You are ready to run your analyses! That said, we strongly recommend starting with a small example we prepared for you.

Note

  • When launching the container with docker, the lopesi2bc/orfmine:latest part can be changed if you want to launch a specific version of ORFmine. For example : lopesi2bc/orfmine:v0.8.7.
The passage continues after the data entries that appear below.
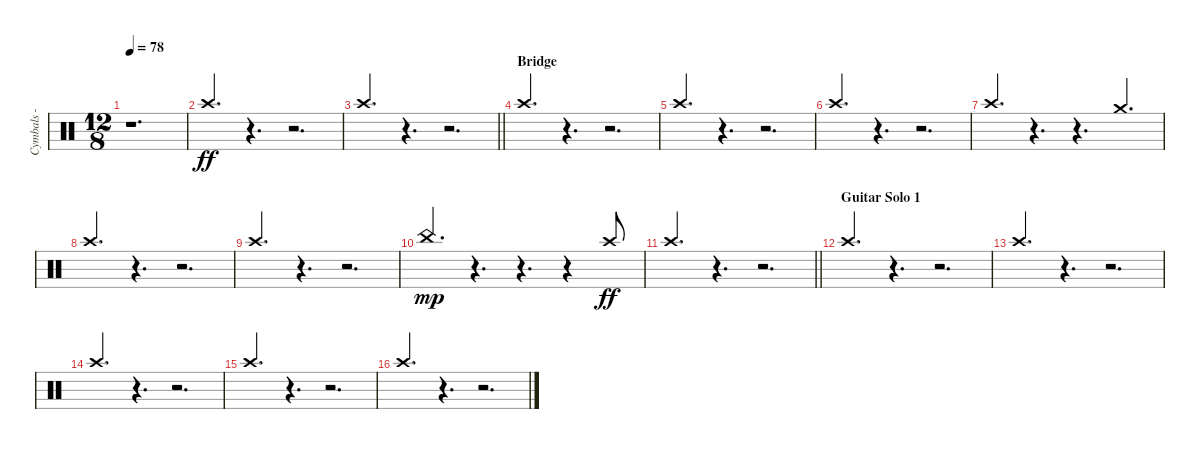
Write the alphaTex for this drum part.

\track ("Cymbals - crash" "Cymbals - ") {instrument percussion}
\staff {score}
\articulation defaults
\ts (12 8)
\tempo 78
\clef neutral
\ks c
r.1{d dy ff} |
"Crash high (hit)".4{d beam Up} r.4{d} r.2{d} |
\barLineRight lightlight "Crash high (hit)".4{d beam Up}
r.4{d} r.2{d} |
\section ("" "Bridge")
"Crash high (hit)".4{d beam Up} r.4{d} r.2{d} |
"Crash high (hit)".4{d beam Up} r.4{d} r.2{d} |
"Crash high (hit)".4{d beam Up} r.4{d} r.2{d} |
"Crash high (hit)".4{d beam Up} r.4{d} r.4{d} "Crash medium (hit)".4{d beam Up} |
"Crash high (hit)".4{d beam Up} r.4{d} r.2{d} |
"Crash high (hit)".4{d beam Up} r.4{d} r.2{d} |
"China (hit)".4{d dy mp balance 4 beam Up} r.4{d} r.4{d} r.4{balance 8} "Crash high (hit)".8{dy ff beam Up} |
\barLineRight lightlight "Crash high (hit)".4{d beam Up}
r.4{d} r.2{d} |
\section ("" "Guitar Solo 1")
"Crash high (hit)".4{d beam Up} r.4{d} r.2{d} |
"Crash high (hit)".4{d beam Up} r.4{d} r.2{d} |
"Crash high (hit)".4{d beam Up} r.4{d} r.2{d} |
"Crash high (hit)".4{d beam Up} r.4{d} r.2{d} |
"Crash high (hit)".4{d beam Up} r.4{d} r.2{d}

  • If you do not know which versions you have on your computer, you can print them by typing docker image ls
  • WARNING: please keep in mind that, once launched, you work inside the container. Filenames in the command lines must, therefore, be indicated either alone (i.e. without any path) or prefixed with the path of the folder as it is inside the container (i.e. path relative to the container not to your local machine - e.g. /database, /fastq, /workdir). For example, when running ORFold, the fasta filenames must be indicated in the command line as follows: orfold -faa sequences.fasta OR orfold -faa /database/sequences.fasta Again, do not indicate the path of the sequences.fasta file according to your local machine architecture - the container only refers to its relative paths.
  • If you want autocompletion when writing the filenames, you need to precise the path of the folder containing the corresponding files (relative path according to the container).
  • You can verify the content of your directories as follows: ls /workdir/ This should display all the files and folders of the working directory. Or : ls /database/ This should display all the files and folders of the data folder containing all the data files (fasta, gff, ...).